The code above is the quickest way to get started, however to learn more about H2O AutoML we recommend taking a look at our more in-depth AutoML tutorial (available in R and Python).

AutoML Output

The AutoML object includes a “leaderboard” of models that were trained in the process, including the 5-fold cross-validated model performance (by default). The number of folds used in the model evaluation process can be adjusted using the nfolds parameter. If the user would like to score the models on a specific dataset, they can specify the leaderboard_frame argument, and then the leaderboard will show scores on that dataset instead.

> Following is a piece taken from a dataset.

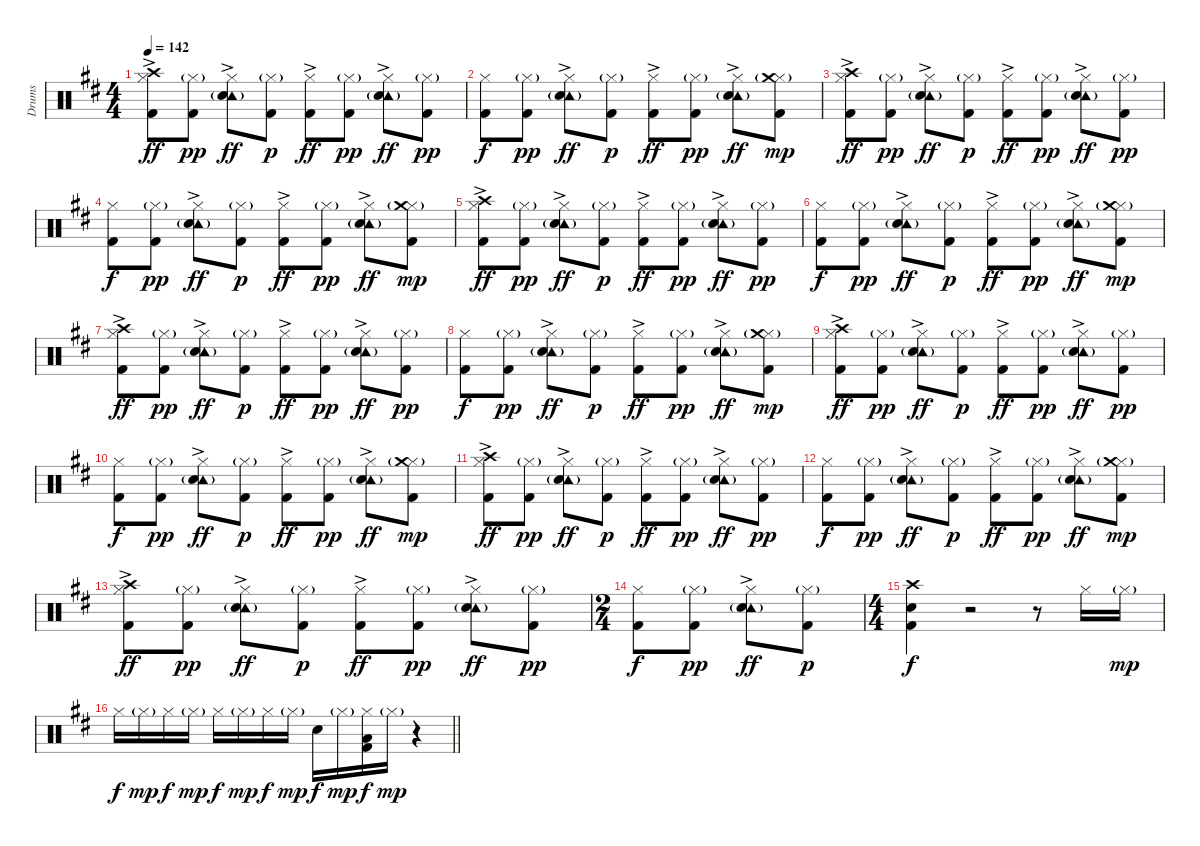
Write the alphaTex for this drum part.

The models are ranked by a default metric based on the problem type (the second column of the leaderboard). In binary classification problems, that metric is AUC, and in multiclass classification problems, the metric is mean per-class error. In regression problems, the default sort metric is deviance. Some additional metrics are also provided, for convenience.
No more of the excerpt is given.